Fluticasone propionate is an artificial trifluorinated corticosteroid with anti-inflammatory task. Fluticasone propionate has actually been received vitro to exhibit a binding fondness for the human glucocorticoid receptor that is 18 times that of dexamethasone, virtually two times that of beclomethasone-17-monopropionate (BMP), the active metabolite of beclomethasone dipropionate, as well as over 3 times that of budesonide. Data from the McKenzie vasoconstrictor assay in guy follow these results. The medical importance of these findings is unknown.
Systemic corticosteroids can reactivate tuberculosis and should not be used in patients with a history of active tuberculosis, except when chemoprophylaxis is instituted concomitantly. The incidence or course of acute bacterial infection are probably minimally affected by inhaled triamcinolone. Application of topical corticosteroids to areas of infection, including tuberculosis of the skin, should be initiated or continued only if the appropriate antiinfective treatment is instituted. If the infection does not respond to the antimicrobial therapy, the concurrent use of the topical corticosteroid should be discontinued until the infection is controlled.
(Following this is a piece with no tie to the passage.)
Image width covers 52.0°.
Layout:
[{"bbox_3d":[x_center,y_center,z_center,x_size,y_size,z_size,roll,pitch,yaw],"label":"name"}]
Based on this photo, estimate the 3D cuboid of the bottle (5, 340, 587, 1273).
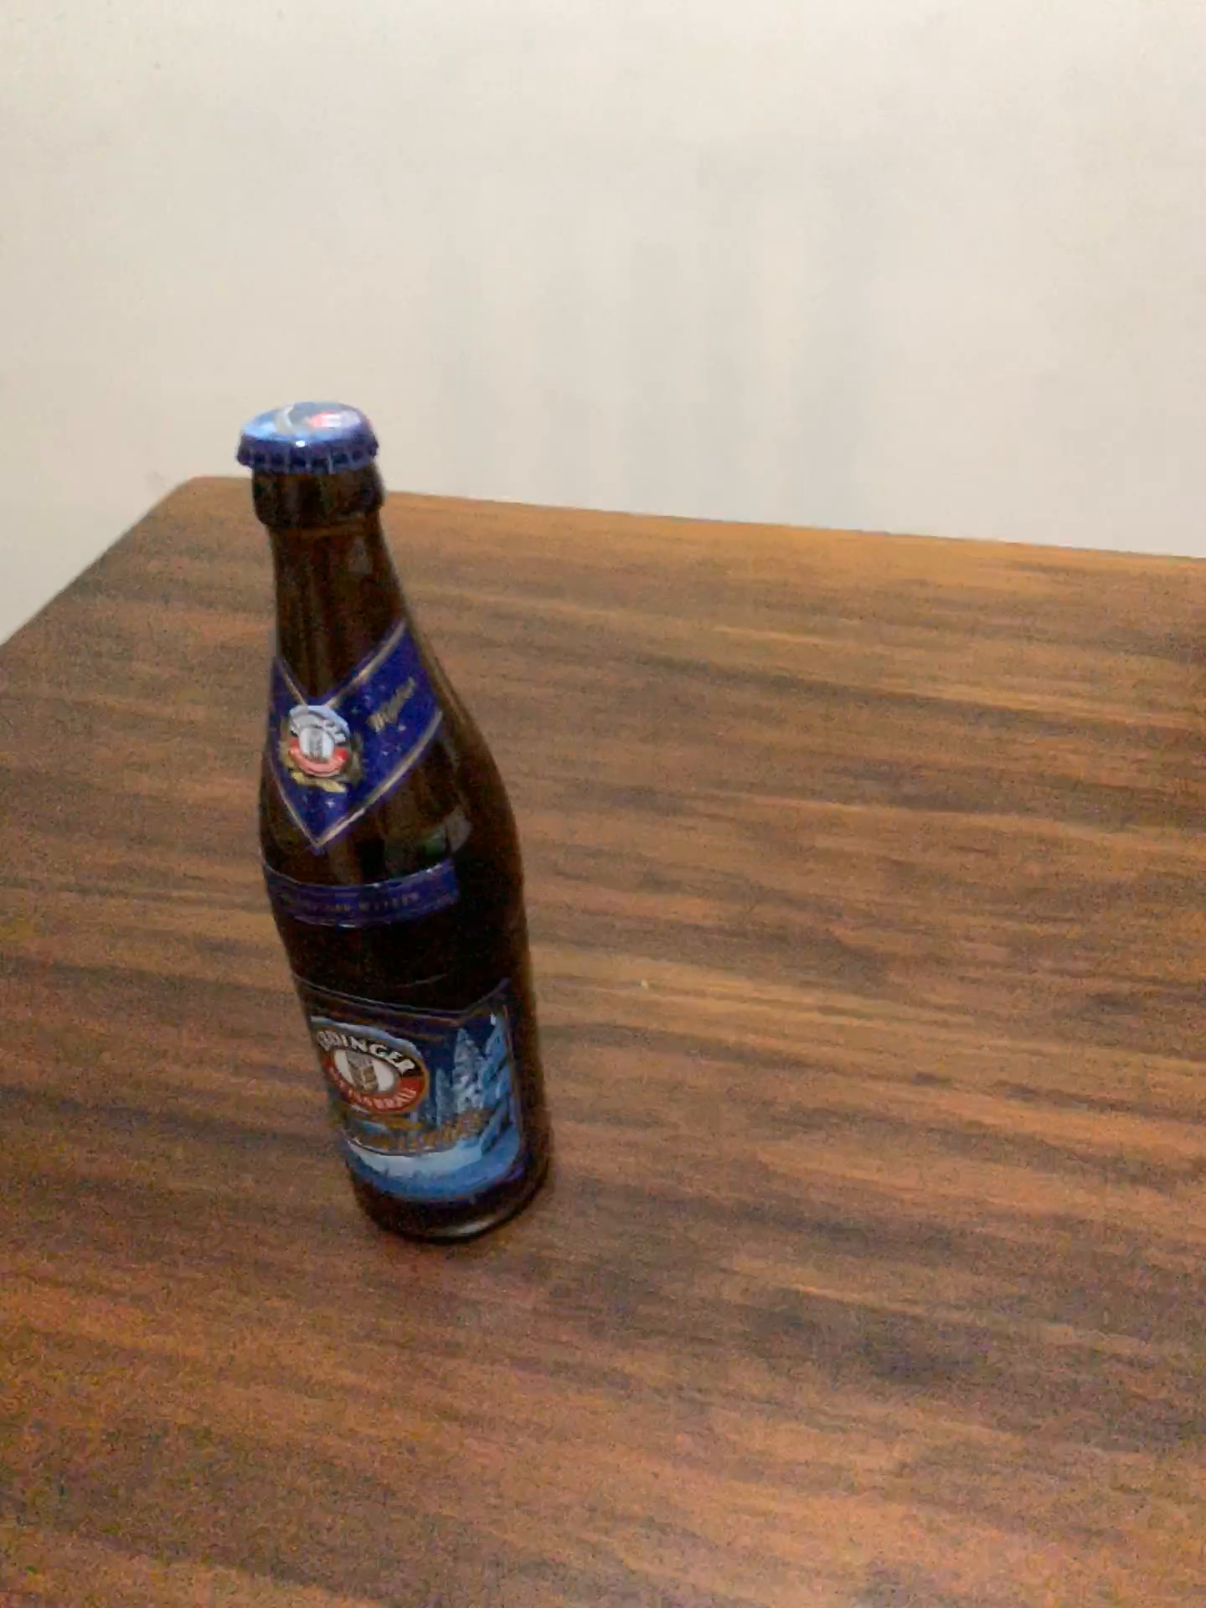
[{"bbox_3d":[-0.057,0.018,0.324,0.080,0.249,0.070,8,42,13],"label":"bottle"}]

In 1952, . Peterson and . Murray of Upjohn developed a process that used Rhizopus mold to oxidize progesterone into a compound that was readily converted to cortisone.  The ability to cheaply synthesize large quantities of cortisone from the diosgenin in yams resulted in a rapid drop in price to US $6 per gram, falling to $ per gram by 1980. Percy Julian's research also aided progress in the field.  The exact nature of cortisone's anti-inflammatory action remained a mystery for years after, however, until the leukocyte adhesion cascade and the role of phospholipase A2 in the production of prostaglandins and leukotrienes was fully understood in the early 1980s.